**Goal of the exercise**
In the material below, find the line containing "The image spans 29.6° horizontally." and the line containing "2. person [189,146,220,194]", then reproduce exactly both of them and every line between, and nothing else.
[Start of section]
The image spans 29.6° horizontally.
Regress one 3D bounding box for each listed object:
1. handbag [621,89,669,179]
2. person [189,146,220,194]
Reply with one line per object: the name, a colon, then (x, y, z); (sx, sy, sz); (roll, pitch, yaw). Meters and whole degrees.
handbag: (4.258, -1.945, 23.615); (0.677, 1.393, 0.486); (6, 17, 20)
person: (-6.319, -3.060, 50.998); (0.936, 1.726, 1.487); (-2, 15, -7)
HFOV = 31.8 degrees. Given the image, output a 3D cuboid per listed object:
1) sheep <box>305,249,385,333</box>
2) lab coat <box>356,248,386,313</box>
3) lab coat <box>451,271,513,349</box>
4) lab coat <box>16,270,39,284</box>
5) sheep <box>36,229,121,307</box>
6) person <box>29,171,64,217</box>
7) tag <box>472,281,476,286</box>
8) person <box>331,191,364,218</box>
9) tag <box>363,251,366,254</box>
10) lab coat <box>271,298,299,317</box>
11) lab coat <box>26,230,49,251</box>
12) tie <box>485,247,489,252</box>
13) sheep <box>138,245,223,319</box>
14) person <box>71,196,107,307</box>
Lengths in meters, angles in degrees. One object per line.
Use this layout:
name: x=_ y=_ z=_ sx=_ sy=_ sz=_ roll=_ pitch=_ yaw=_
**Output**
[End of section]
[Start of section]
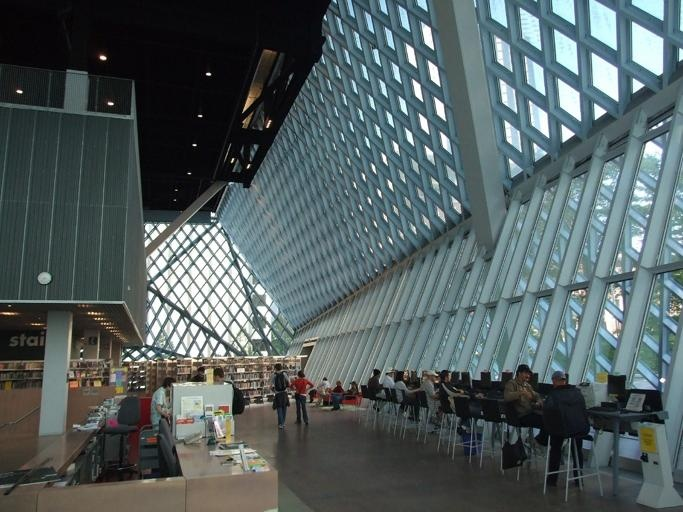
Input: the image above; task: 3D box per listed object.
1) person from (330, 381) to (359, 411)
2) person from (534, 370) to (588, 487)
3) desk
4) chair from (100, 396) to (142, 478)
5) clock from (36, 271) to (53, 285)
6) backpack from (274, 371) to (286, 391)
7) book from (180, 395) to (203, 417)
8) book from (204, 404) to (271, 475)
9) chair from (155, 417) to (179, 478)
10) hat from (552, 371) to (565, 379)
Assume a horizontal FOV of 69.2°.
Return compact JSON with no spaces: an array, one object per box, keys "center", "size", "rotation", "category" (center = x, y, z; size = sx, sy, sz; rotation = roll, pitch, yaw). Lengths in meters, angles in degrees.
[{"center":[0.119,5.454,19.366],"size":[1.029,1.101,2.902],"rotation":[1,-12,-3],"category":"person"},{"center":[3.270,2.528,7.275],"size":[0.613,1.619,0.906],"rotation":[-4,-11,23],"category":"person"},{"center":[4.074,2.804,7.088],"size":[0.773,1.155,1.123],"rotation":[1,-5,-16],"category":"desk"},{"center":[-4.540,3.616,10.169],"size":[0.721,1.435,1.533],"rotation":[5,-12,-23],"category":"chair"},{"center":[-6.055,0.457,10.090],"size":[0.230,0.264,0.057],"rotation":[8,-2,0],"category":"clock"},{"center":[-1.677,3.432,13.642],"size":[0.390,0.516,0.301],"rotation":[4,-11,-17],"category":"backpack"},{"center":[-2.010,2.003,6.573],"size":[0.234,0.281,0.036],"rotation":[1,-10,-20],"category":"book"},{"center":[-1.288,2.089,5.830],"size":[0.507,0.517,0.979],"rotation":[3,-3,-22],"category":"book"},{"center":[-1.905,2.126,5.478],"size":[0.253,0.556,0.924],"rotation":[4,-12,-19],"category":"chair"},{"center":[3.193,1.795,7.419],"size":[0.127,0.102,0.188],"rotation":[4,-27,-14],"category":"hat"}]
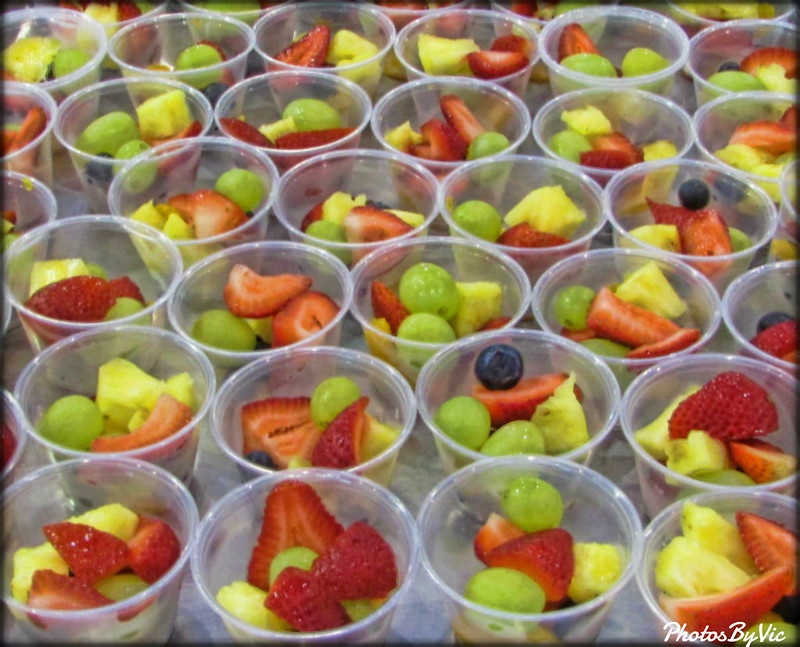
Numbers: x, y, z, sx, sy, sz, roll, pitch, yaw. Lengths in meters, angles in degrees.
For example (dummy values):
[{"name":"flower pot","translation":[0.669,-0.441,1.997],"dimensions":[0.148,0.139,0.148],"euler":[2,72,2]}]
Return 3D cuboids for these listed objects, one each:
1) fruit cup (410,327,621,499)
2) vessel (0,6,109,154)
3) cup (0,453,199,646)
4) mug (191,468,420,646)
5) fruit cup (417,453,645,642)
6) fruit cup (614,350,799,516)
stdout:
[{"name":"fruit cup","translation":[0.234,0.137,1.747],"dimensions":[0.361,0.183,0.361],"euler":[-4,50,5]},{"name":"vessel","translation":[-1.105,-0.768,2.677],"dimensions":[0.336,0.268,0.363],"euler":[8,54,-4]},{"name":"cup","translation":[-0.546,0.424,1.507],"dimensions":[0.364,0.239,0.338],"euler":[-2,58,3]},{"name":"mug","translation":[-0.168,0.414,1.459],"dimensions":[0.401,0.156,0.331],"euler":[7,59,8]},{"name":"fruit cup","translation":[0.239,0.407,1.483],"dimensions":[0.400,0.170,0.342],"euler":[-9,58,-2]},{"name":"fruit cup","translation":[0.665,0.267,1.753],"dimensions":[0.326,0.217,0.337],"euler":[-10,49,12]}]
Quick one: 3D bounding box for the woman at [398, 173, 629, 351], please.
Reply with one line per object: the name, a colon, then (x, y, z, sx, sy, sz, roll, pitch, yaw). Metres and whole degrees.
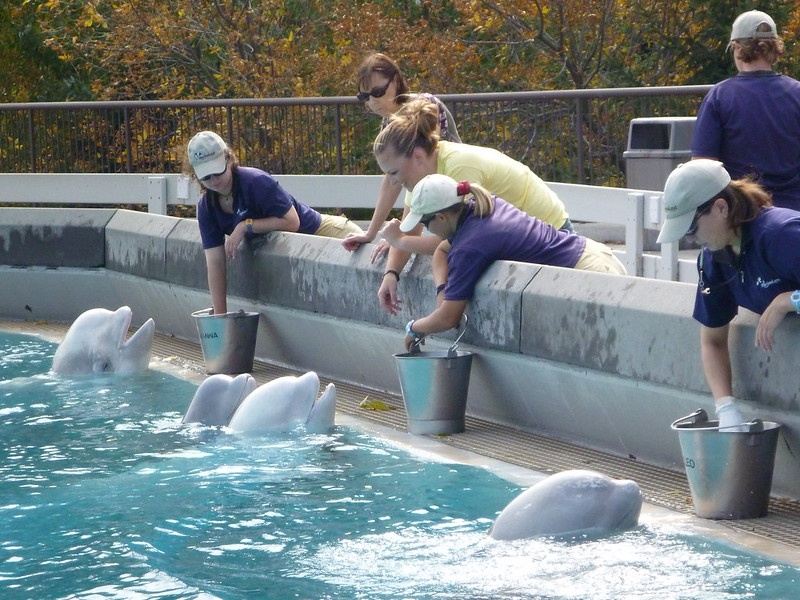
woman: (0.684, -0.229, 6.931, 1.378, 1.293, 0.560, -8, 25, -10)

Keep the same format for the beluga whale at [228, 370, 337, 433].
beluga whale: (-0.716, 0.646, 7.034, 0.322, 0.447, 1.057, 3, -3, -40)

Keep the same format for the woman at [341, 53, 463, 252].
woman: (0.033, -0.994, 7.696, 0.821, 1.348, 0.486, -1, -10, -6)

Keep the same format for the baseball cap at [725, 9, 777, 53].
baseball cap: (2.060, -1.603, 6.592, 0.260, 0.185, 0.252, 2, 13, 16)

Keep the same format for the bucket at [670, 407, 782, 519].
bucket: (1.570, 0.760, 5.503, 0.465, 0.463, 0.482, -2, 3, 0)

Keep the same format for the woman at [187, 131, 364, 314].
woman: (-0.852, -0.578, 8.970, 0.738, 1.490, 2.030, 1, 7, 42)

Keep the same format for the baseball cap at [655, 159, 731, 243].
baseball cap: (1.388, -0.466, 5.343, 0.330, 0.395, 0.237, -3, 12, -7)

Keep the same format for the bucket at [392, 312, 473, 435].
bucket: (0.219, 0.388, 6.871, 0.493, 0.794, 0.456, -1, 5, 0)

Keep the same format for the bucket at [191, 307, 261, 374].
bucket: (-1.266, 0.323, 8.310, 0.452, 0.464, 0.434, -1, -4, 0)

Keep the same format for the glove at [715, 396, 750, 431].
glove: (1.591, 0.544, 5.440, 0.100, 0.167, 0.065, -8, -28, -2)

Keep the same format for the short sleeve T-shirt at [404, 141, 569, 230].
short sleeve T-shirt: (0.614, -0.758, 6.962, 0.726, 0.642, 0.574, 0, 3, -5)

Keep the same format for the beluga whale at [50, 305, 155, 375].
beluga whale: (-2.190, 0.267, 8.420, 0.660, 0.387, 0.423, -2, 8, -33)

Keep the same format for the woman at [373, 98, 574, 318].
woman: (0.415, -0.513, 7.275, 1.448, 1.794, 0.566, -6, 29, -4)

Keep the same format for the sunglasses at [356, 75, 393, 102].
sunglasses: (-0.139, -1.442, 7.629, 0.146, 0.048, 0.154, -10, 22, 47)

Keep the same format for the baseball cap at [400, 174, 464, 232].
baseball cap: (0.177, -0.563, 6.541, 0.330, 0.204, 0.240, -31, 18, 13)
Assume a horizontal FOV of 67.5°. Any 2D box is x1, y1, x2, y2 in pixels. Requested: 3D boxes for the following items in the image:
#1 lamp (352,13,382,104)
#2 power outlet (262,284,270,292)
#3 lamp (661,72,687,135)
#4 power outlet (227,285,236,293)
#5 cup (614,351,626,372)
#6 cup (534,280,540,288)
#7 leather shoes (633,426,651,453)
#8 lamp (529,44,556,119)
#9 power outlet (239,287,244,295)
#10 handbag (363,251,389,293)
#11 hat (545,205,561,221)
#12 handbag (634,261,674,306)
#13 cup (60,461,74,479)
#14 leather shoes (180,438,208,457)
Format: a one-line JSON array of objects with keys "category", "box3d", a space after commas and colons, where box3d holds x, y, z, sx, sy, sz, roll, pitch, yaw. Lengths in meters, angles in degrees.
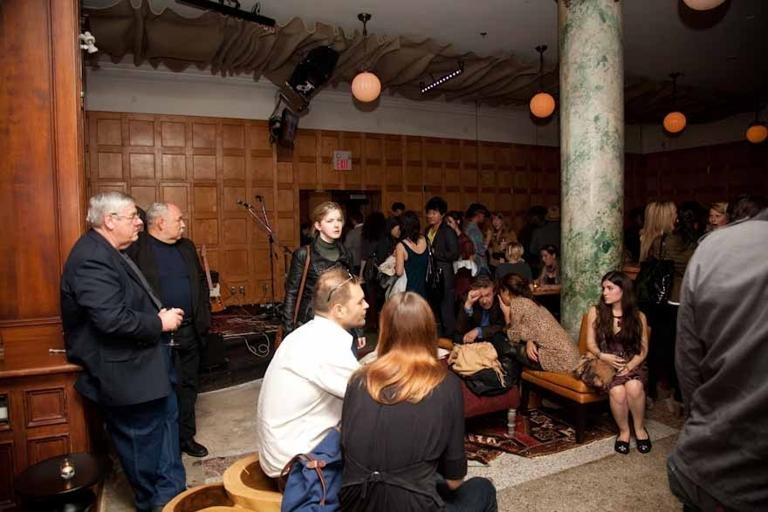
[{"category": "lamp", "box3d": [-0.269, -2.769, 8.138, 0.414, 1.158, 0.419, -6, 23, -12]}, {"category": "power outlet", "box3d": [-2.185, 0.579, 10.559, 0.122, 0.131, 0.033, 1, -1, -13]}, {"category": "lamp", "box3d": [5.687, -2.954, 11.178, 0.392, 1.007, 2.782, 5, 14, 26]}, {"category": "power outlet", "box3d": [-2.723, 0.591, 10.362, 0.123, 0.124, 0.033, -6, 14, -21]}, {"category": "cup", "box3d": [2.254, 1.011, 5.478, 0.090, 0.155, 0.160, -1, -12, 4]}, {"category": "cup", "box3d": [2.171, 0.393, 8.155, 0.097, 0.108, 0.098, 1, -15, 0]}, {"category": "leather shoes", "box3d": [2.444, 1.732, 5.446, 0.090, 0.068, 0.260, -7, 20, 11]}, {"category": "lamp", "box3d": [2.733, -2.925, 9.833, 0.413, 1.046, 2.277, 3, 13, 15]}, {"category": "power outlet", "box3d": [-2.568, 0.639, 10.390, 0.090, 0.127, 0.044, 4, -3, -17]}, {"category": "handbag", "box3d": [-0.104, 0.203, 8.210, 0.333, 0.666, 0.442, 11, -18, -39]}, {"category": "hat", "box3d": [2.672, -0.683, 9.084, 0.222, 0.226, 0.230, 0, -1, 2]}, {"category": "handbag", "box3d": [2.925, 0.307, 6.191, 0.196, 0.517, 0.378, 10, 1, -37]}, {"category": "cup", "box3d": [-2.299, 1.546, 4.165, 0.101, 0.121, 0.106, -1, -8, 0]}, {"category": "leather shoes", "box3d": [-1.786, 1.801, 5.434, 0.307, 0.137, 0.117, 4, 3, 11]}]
[End of section]
**Output of the task**
The image spans 29.6° horizontally.
Regress one 3D bounding box for each listed object:
1. handbag [621,89,669,179]
2. person [189,146,220,194]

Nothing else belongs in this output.